Meg let her fingers trail down his arm as he stepped away. “We will be waiting. Me, Seedling, goats.”
“Thank you for putting Seedling ahead of goats.”
He left the cottage to the sounds of Meg laughing and said goats bleating and he couldn’t stop smiling. He drove across town, barely paying attention to his surroundings. He didn’t think he’d ever driven through New Benton feeling like he might belong here.
It was a heady feeling to think he’d found his place in the hometown he’d been sure didn’t suit him. It was oddly exhilarating to think he wasn’t so stiff and unrelenting that he couldn’t be a part of these things. Things he’d always sneered at because...
Because he didn’t know how to be a part of them. He’d wanted to please his father, and that had meant not even trying to love farming. But more, it had never been natural for him. Few things had been. He didn’t have Dell’s touch with the land, Kenzie’s infinite patience with animals. He’d had a head for numbers, and the rest hadn’t been easy.
So he’d shied away and convinced himself he was better. Better than farming and New Benton and his brother.
But it had been a way to cope with feeling alone, and misunderstood. And damn, that was quite the realization.
He pulled his car to a stop at Wes’s cabin, barely knowing how he’d gotten there. Muscle memory and habit, he supposed. Because that sort of life and self-realization rang in his head like a gong.
He shook his head in an attempt to clarify his thinking as he walked across the expansive yard to the cabin Wes and Cara called home and business. There were a variety of animals roaming about the yard and they barely bothered to acknowledge Charlie’s presence. When he knocked on the front door, a gruff voice on the other side called, “Come in.”
Charlie stepped inside a large kitchen, where he’d met Cara and Wes for a lot of their business consultant meetings. Wes was hunched over his work making dog treats, his German shepherd at his feet.
“How’s it going?”
“Good,” Wes replied. “Cara an
d Mia are in the office. I’ll be in when I’m done.”
“Take your time. I’ve mostly got stuff for Cara today.”
Wes nodded and Charlie walked through the kitchen back to the office. He stepped into the room to find Cara and Mia bent over a book.
“Oh, I recognize that tale of horrors,” he muttered. “I hid it from Meg so she would stop obsessing about all the possible pregnancy complications, and I’m not afraid to hide it from you two, as well.”
They smiled up at him, two women he wouldn’t have given the time of day to ten years ago. And now they were his family. Friends. They trusted his opinion when it came to their businesses, their kids would play with his kid and it made that heart-expanding feeling in his chest even bigger.
In his entire life, he’d never been as happy as he was on this day. Waking up with Meg, seeing the evidence of their baby growing, being a part of his family as wholly and fully as he ever had.
Plus, he had amazing news for Cara’s ideas about expansion. “Well, Paul Collier and I talked for two hours yesterday.” His grocery contacts had definitely come in handy for Cara’s business.
Cara immediately threw the book on the other side of the couch. “And? Don’t toy with me, Charlie!”

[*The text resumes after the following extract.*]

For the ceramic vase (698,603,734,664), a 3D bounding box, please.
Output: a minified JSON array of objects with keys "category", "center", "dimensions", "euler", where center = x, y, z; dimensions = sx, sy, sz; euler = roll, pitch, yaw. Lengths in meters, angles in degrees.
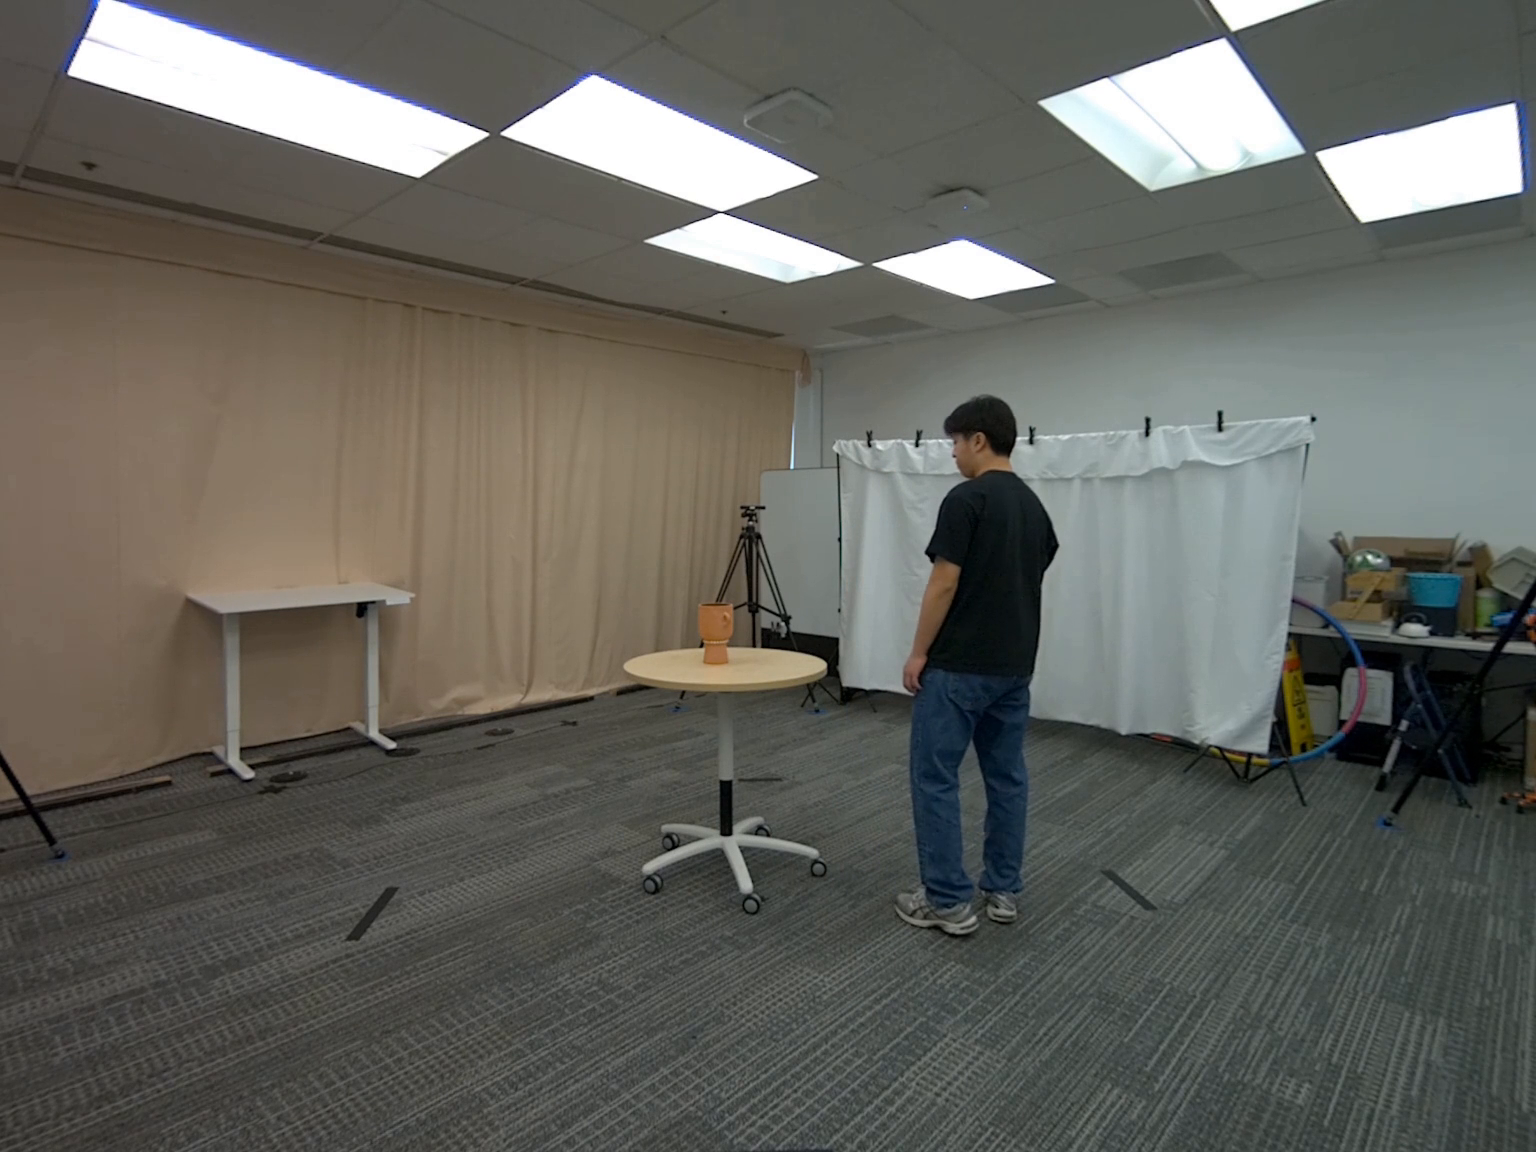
[{"category":"ceramic vase","center":[-0.199,0.222,3.214],"dimensions":[0.136,0.219,0.157],"euler":[0,3,8]}]

He handed her the file folder he’d put together on Collier’s offer to carry Cara’s Pies. She grasped it greedily and made high-pitched squeaking noises as she read through the papers.
“Oh my...” Cara trailed off as she flipped through the papers. “This is amazing.” She looked up at him, her eyes suspiciously shiny. “Charlie, this is huge.”
“It definitely has the potential to be that. If you cry, I’m taking the papers back and leaving immediately.”
She rolled her eyes, giving a little sniff. “But this is such a big deal. A grocery store wants my pies. Mine! This is... I can’t believe we conned you into doing this consulting out of pity,” Cara said, shaking her head as her eyes perused the papers again. “You’ve just at least doubled my income.”